▶ [What is required]: As soon as the line containing "Also the duck figurine (146,153,194,216)." appears, copy it and every following line word for word until the records end.
***** Records for this task
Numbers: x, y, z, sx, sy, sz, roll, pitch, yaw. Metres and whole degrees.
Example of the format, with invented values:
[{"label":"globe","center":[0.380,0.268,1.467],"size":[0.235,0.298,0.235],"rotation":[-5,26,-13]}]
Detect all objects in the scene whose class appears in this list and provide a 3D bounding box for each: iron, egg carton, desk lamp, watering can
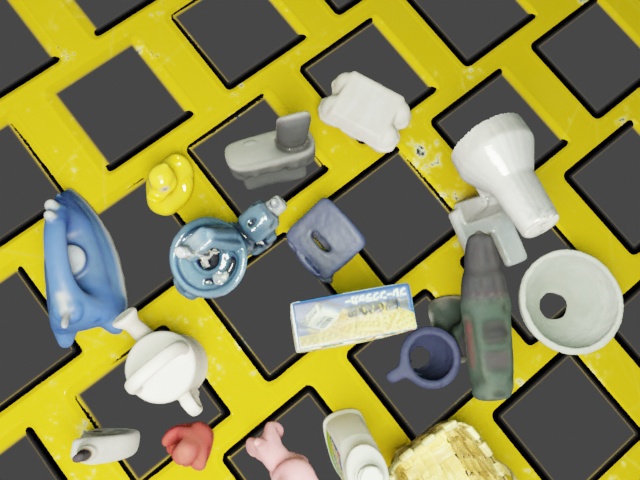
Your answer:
[{"label":"iron","center":[-0.380,0.025,0.864],"size":[0.118,0.141,0.258],"rotation":[-15,79,-6]},{"label":"egg carton","center":[0.077,-0.219,0.980],"size":[0.150,0.069,0.107],"rotation":[28,78,3]},{"label":"desk lamp","center":[0.280,-0.065,0.887],"size":[0.118,0.213,0.203],"rotation":[-20,80,-7]},{"label":"watering can","center":[-0.229,0.176,0.815],"size":[0.173,0.194,0.101],"rotation":[30,78,3]}]

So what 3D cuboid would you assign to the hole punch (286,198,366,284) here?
[{"label":"hole punch","center":[0.008,0.003,0.918],"size":[0.101,0.091,0.108],"rotation":[-41,83,-10]}]

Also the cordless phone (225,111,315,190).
[{"label":"cordless phone","center":[-0.079,-0.155,0.898],"size":[0.147,0.185,0.094],"rotation":[-19,80,-7]}]

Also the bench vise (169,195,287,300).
[{"label":"bench vise","center":[-0.147,-0.008,0.845],"size":[0.121,0.219,0.207],"rotation":[32,78,4]}]

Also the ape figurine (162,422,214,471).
[{"label":"ape figurine","center":[-0.194,0.306,0.842],"size":[0.076,0.092,0.078],"rotation":[-32,82,-9]}]

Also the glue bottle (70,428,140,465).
[{"label":"glue bottle","center":[-0.309,0.290,0.797],"size":[0.078,0.173,0.037],"rotation":[4,78,-2]}]

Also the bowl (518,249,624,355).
[{"label":"bowl","center":[0.393,0.103,0.929],"size":[0.167,0.074,0.167],"rotation":[1,78,-3]}]

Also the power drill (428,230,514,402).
[{"label":"power drill","center":[0.223,0.117,0.848],"size":[0.075,0.208,0.229],"rotation":[-7,79,-4]}]

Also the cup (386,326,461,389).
[{"label":"cup","center":[0.150,0.189,0.886],"size":[0.118,0.095,0.091],"rotation":[-26,81,-8]}]

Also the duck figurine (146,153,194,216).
[{"label":"duck figurine","center":[-0.248,-0.098,0.926],"size":[0.077,0.086,0.105],"rotation":[21,78,1]}]

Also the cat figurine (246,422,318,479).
[{"label":"cat figurine","center":[-0.053,0.332,0.832],"size":[0.067,0.117,0.128],"rotation":[-42,83,-10]}]
**********
▶ [Answer section]:
Also the duck figurine (146,153,194,216).
[{"label":"duck figurine","center":[-0.248,-0.098,0.926],"size":[0.077,0.086,0.105],"rotation":[21,78,1]}]

Also the cat figurine (246,422,318,479).
[{"label":"cat figurine","center":[-0.053,0.332,0.832],"size":[0.067,0.117,0.128],"rotation":[-42,83,-10]}]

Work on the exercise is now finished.